На другой день рано утром я входил в полуразвалившиеся железные ворота, говорившие о былом благополучии дома.

Стучусь в дверь на веранде. Сквозь грязное стекло виден невообразимый беспорядок.

Сначала в доме никакого движения, затем над кухонной занавеской появляется чья-то голова, тут же исчезает, и кто-то уже пальцем раздвигает занавеску на выходящем во двор окне. На меня смотрят мутные глаза.

Я знаю, кто это может быть.

— Это я, тетя Коса! — кричу я. — Стева!

Наконец моя тетушка стронулась с места и, шлепая туфлями, вышла на веранду отпереть дверь.

— Откуда взялся? — прогнусавила она, слегка прикрывая бледной, испещренной старческими пятнами рукой мясистый нос, кончик которого сильно смахивает на красный перец.

Что ответить?

— Да вот, повидаться с вами приехал.

Она протянула через порог широкую мягкую руку с выступающим суставом и, изогнув локоть, удержала меня на расстоянии.

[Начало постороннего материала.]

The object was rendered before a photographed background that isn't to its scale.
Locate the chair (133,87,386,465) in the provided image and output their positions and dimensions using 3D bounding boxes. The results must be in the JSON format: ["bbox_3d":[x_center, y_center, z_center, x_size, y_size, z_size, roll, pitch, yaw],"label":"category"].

Видно, она тоже не горела желанием обнять меня и, может быть, поэтому поспешила предостеречь:

— Не надо. Опять этот мой проклятый нос. Входи, если хочешь.

С минуту она смотрит на меня в надежде, что я не приму приглашение, а потом направляется к кухне.

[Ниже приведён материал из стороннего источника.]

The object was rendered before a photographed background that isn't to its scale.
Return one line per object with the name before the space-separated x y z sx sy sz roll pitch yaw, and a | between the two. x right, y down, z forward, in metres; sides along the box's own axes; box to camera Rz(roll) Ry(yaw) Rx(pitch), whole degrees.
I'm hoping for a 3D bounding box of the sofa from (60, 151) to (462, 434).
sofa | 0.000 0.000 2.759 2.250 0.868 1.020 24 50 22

Она идет, слегка покачиваясь и волоча отекшие ноги в теплых комнатных туфлях, на которые свесились закрученные темные нитяные чулки. На ней не слишком чистый длинный темно-синий халат с темными разводами, а на голове — светлый, почти девичий, надвинутый на самые глаза и тоже грязный тонкий платок, из-под которого выбиваются пряди спутанных седых волос.

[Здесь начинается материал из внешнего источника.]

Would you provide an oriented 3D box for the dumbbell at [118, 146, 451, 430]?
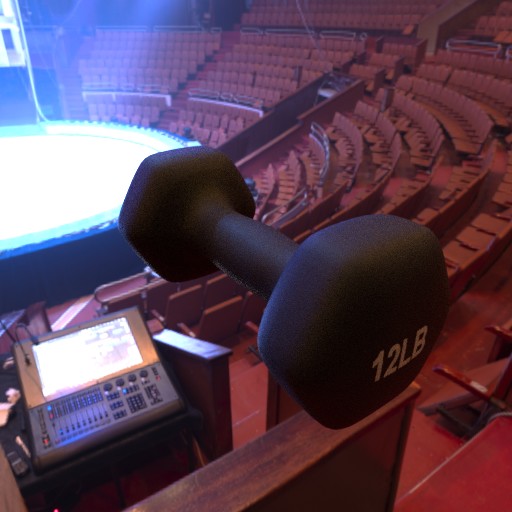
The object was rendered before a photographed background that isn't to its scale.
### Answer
[{"bbox_3d":[0.000,0.000,0.286,0.112,0.101,0.231,-18,32,-31],"label":"dumbbell"}]

Прежде меня всегда так и подмывало крикнуть ей:

— Причешись! Подними чулки!

Сейчас, увидев, как она постарела, я чувствую легкие укоры совести.

Я вхожу в довольно просторную, но забитую вещами, душную кухню, где среди всевозможного хлама и мокрого белья, набросанного где попало, сиротливо ютится буфет, плита, покрытый клеенкой длинный стол с одним стулом и одним плетеным креслом и довольно обшарпанный диван у стены. Под ногами путаются мятые, но на удивление чистые тряпичные половики.

Пытаясь освободить для меня какое-никакое сиденье, она переносит беспорядок с одного места на другое.